Boris Yaro
Khai Le
By Doug Smith, Senior Writer, Los Angeles Times
As Robert F. Kennedy was leaving the Ambassador Hotel on June 5, 1968, following his victory in that year’s California Democratic Presidential primary, a part-time Los Angeles Times photographer, working on his own time in hopes of catching a shot for his wall, followed.
“The idea went further than I had expected,” Boris Yarowould write more than 40 years later in a reminiscence of the night he became one of the world’s celebrated photographers.
In the pandemonium of the hotel’s pantry following Kennedy’s shooting by Sirhan B. Sirhan, as the crowd parted from the fallen candidate, Yaro snapped the enduring black-and-white image of a distraught busboy trying to console a mortally wounded hero.
Yaro, who shot news photos for The Times for more than 40 years and along the way tutored the actor who played the news photographer on the TV series “Lou Grant,” died Wednesday at his home in Northridge of natural causes. He was 81.
Although Yaro’s career became defined by the Kennedy photo, he was known to colleagues as a hard-driving but dapper news hound.
Always going to work in a blazer and tie, Yaro presented an amusing contrast to the slovenly, rumpled photographer known as Animal on “Lou Grant.” In preparing for that role, actor Daryl Anderson tutored under Yaro, learning how to use a camera and going on assignments to absorb the daily rhythm of the photojournalist.
“It struck me as comical that here was this character he got hanging around with Boris,” said Times photographer Al Seib.
In a 1996 book on the making of “Lou Grant,” author Douglass K. Daniel quoted Yaro as saying, “You can’t walk into a newsroom dressed as a damn bum.”
Beneath Yaro’s sharp appearance was an intense commitment to his craft.
“It was like meeting a rock star,” said Rick Meyer, another longtime Times photographer, of his first meeting with Yaro in 1973, when Meyer was fresh out of journalism school. “His company car sprouted numerous antennas for police radios. Boris would respond to news stories all hours of the day and night.”

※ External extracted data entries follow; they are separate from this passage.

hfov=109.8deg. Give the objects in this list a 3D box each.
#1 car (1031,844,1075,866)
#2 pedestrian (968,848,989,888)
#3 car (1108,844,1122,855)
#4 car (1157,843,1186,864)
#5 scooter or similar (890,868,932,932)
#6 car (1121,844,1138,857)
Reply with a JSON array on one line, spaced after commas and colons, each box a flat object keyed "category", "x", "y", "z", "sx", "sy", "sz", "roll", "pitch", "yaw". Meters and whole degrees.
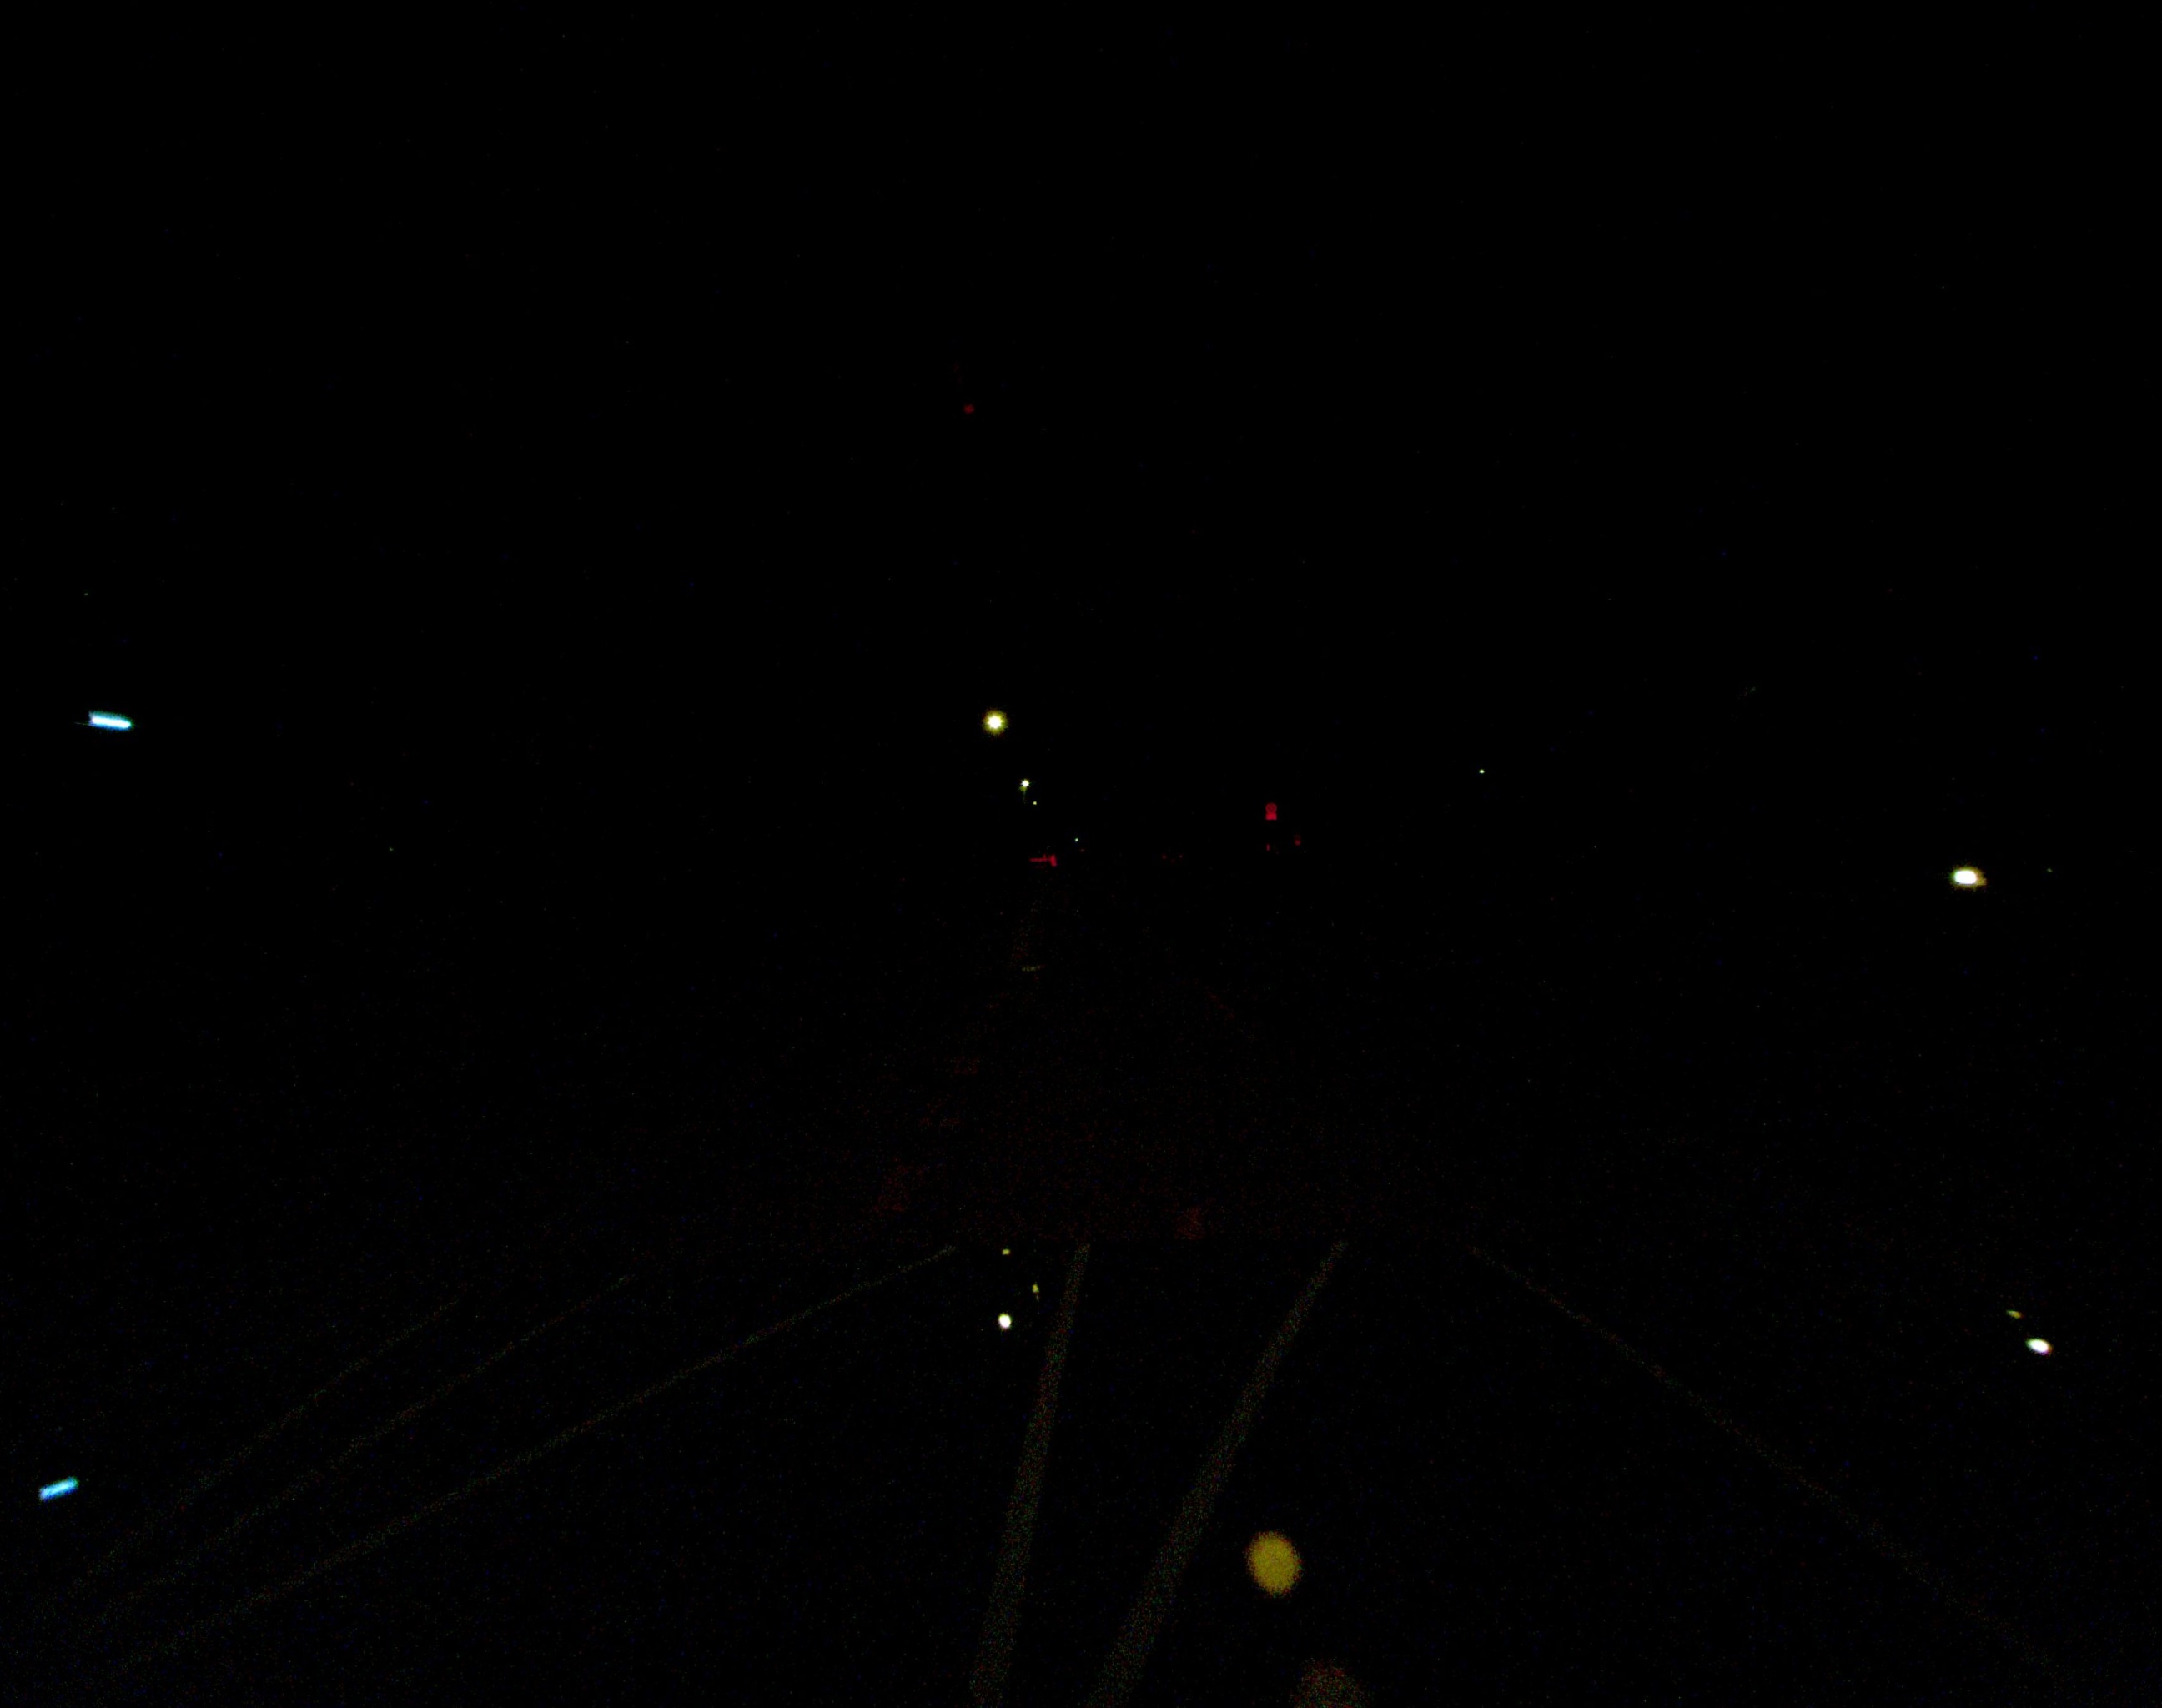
[{"category": "car", "x": -2.573, "y": 0.062, "z": 70.768, "sx": 3.997, "sy": 1.821, "sz": 1.912, "roll": -2, "pitch": 3, "yaw": 0}, {"category": "pedestrian", "x": -4.828, "y": 0.636, "z": 35.758, "sx": 0.824, "sy": 1.809, "sz": 0.608, "roll": -3, "pitch": 2, "yaw": 1}, {"category": "car", "x": 5.191, "y": -0.708, "z": 116.632, "sx": 1.911, "sy": 1.445, "sz": 3.999, "roll": -3, "pitch": 2, "yaw": 1}, {"category": "car", "x": 7.228, "y": -0.045, "z": 61.013, "sx": 1.911, "sy": 1.445, "sz": 3.999, "roll": -3, "pitch": 2, "yaw": 1}, {"category": "scooter or similar", "x": -3.634, "y": 0.962, "z": 16.335, "sx": 0.570, "sy": 1.271, "sz": 1.391, "roll": 0, "pitch": 0, "yaw": 0}, {"category": "car", "x": 6.406, "y": -0.512, "z": 100.453, "sx": 1.911, "sy": 1.445, "sz": 3.999, "roll": -3, "pitch": 2, "yaw": 1}]
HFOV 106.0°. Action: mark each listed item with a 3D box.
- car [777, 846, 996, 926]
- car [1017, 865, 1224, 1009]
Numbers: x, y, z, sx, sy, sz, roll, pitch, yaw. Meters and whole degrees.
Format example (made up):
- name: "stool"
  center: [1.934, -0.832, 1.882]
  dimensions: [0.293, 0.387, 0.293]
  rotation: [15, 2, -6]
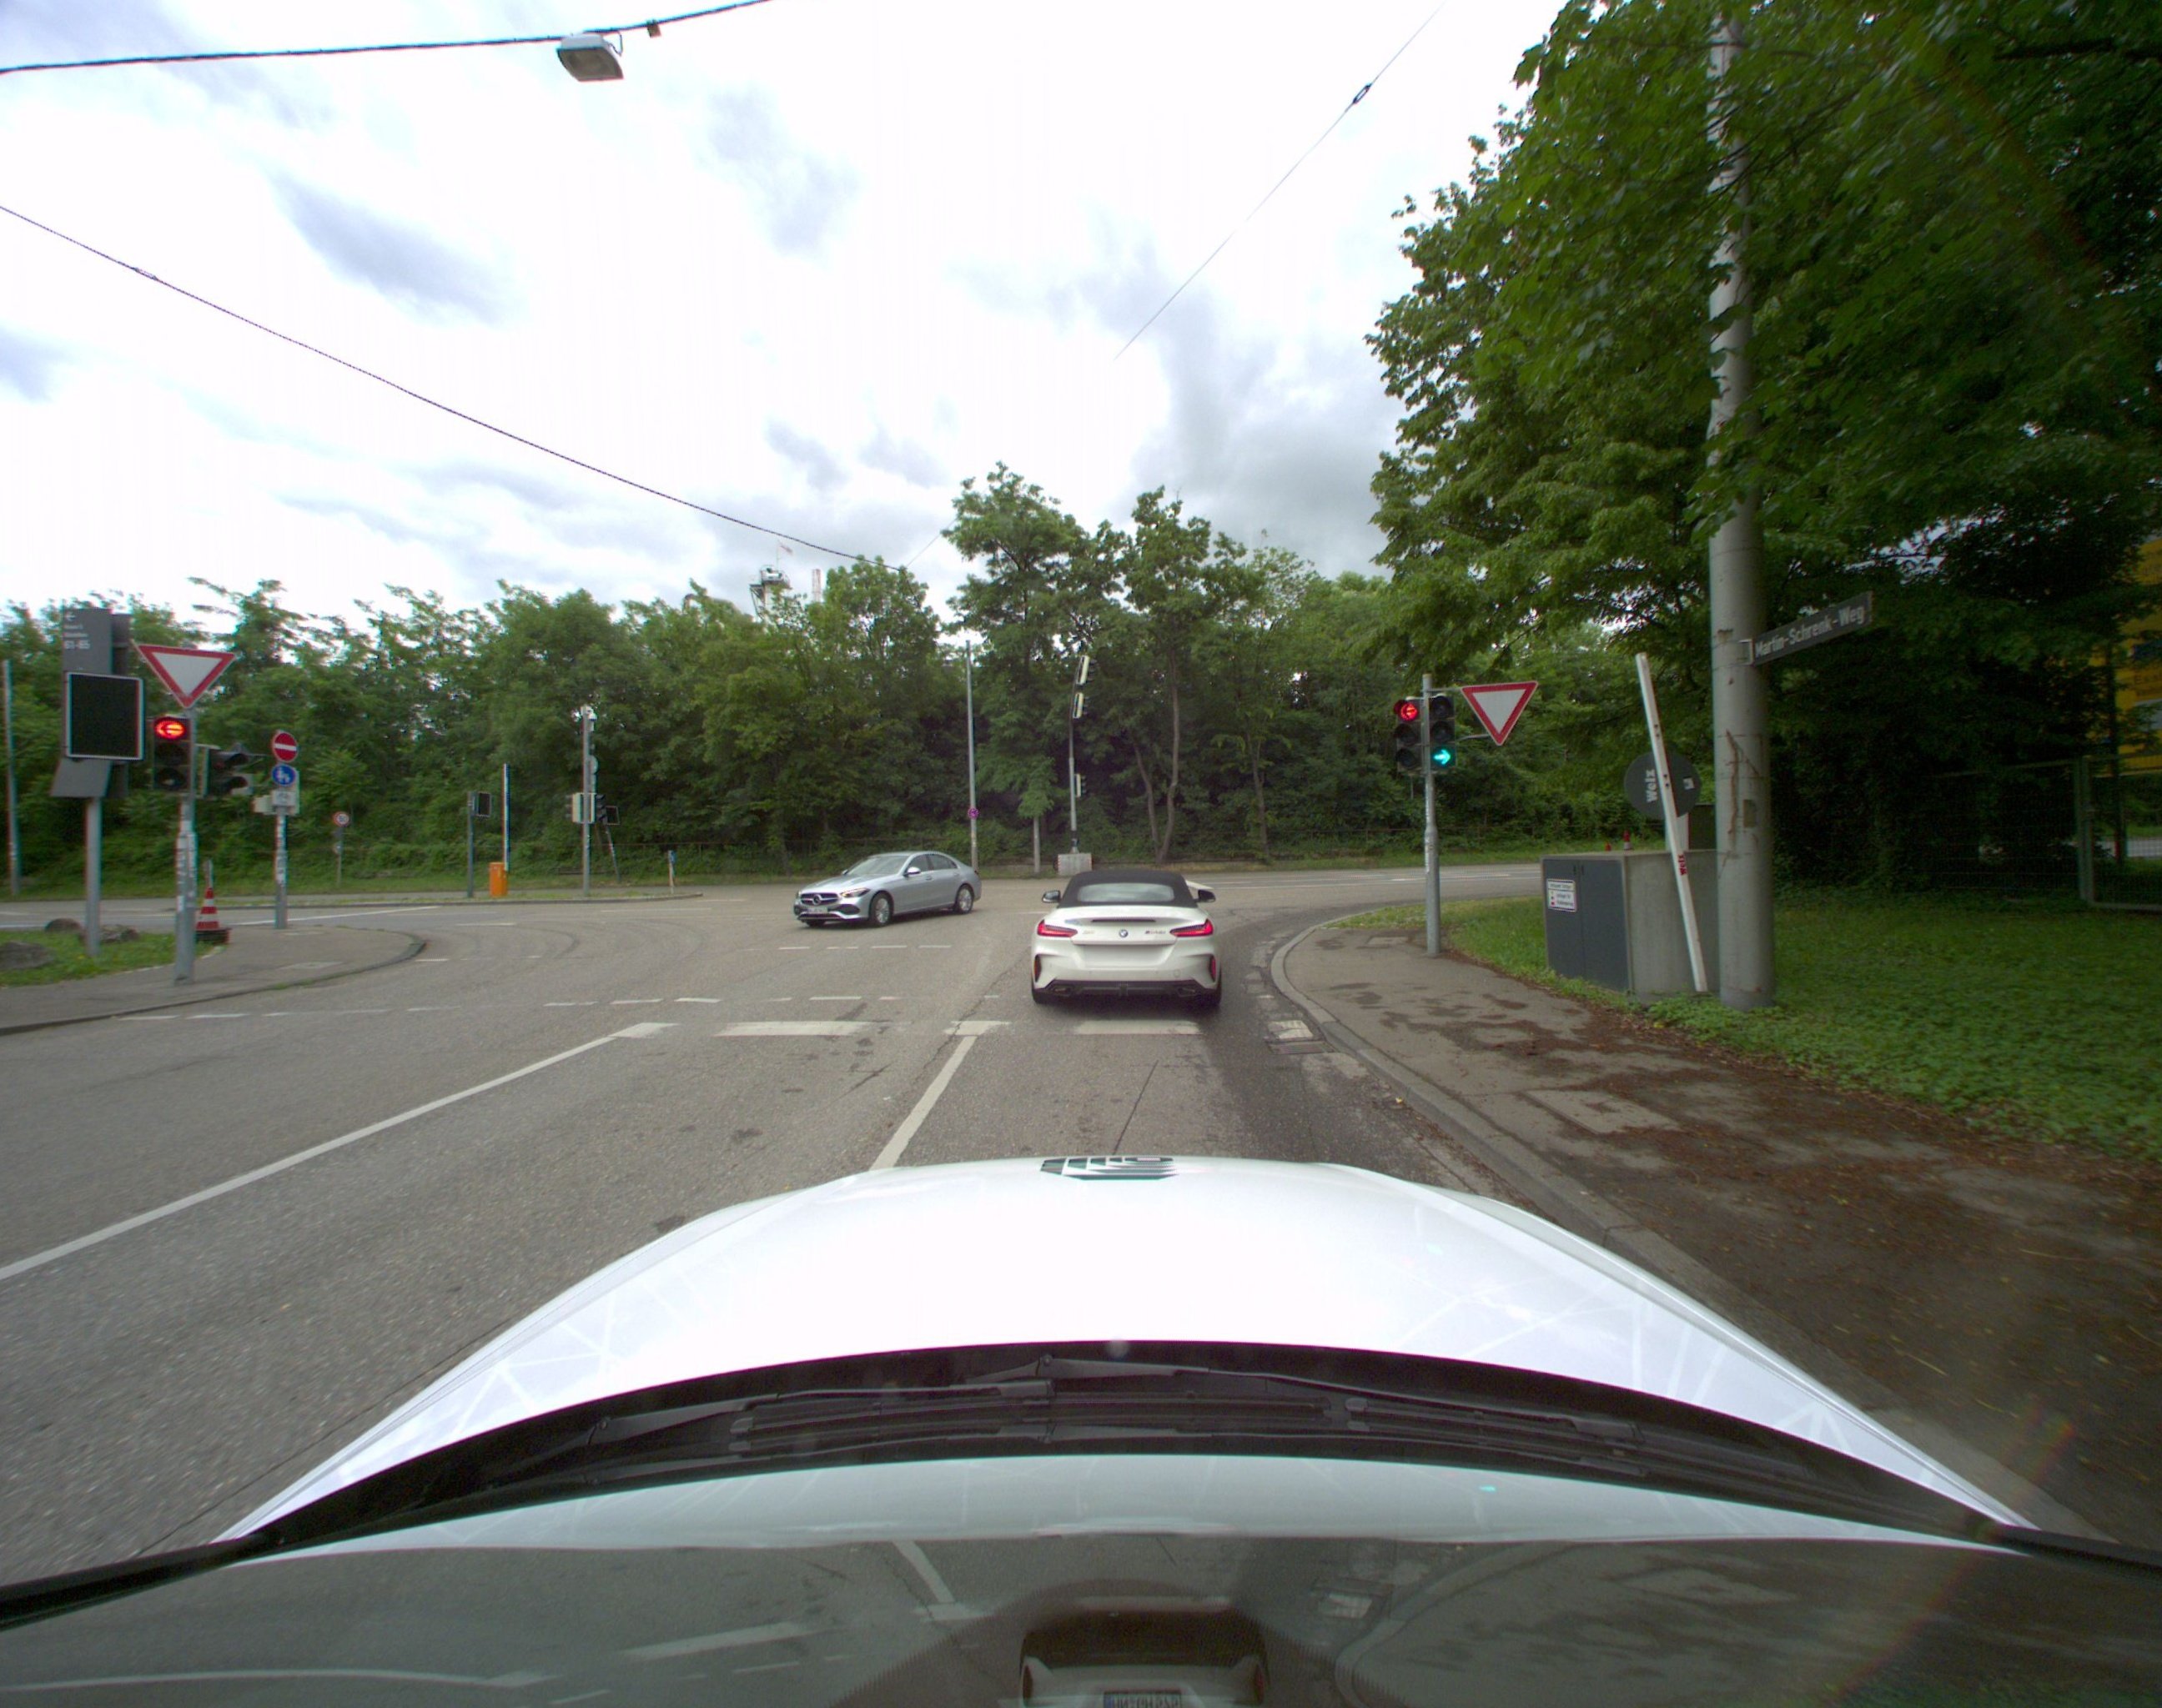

“He knew everybody: every fireman, every policeman,” said colleague Joel Lugavere. “They all knew him on a first-name basis.”
Yaro’s children, Michael Yaro and Nicole Good, said that dedication was part of their lives too.
“We all lived with that,” Good said. “He had scanners on his nightstand. He never left home without some form of connected communication. He always had one, maybe two maybe three cameras with him, film in every single pocket.”
According to his children, Yaro joined The Times in the mid-1960s as a part-time photographer in the paper’s San Gabriel Valley office.
In his 2010 recollection of the night of the Kennedy assassination, Yaro said he did not take photos during the shooting.
“It was dark, and I think I was afraid,” he wrote.
When he saw Kennedy sinking to the floor, he realized, “I had better make pictures.”
Then a woman grabbed his sleeve and pleaded with him to stop.
“My response was, ‘Dammit, lady, this is history,’ ” Yarowrote. “I pulled my coat sleeve loose from her grasp but lost some visual space because people began crowding around the fallen Kennedy.”
The photo, which is part of the permanent collections of the Getty Museum in Los Angeles and Museum of Modern Art in New York, did not win the Pulizer Prize, which went that year to an equally enduring shot of the execution of a Viet Cong prisoner in Saigon.
Pulitzer Prize-winning former Times photographer Don Bartletti said he thought two Pulizers should have been given that year.
“When you look at Boris’ picture of Kennedy from head to foot, with the kitchen worker leaning over him, that is a completely perfect composition with all the necessary elements,” Bartletti said. “His picture is and will remain fantastic.”
Besides his two children, Yaro is survived by his wife, Jill, and a brother.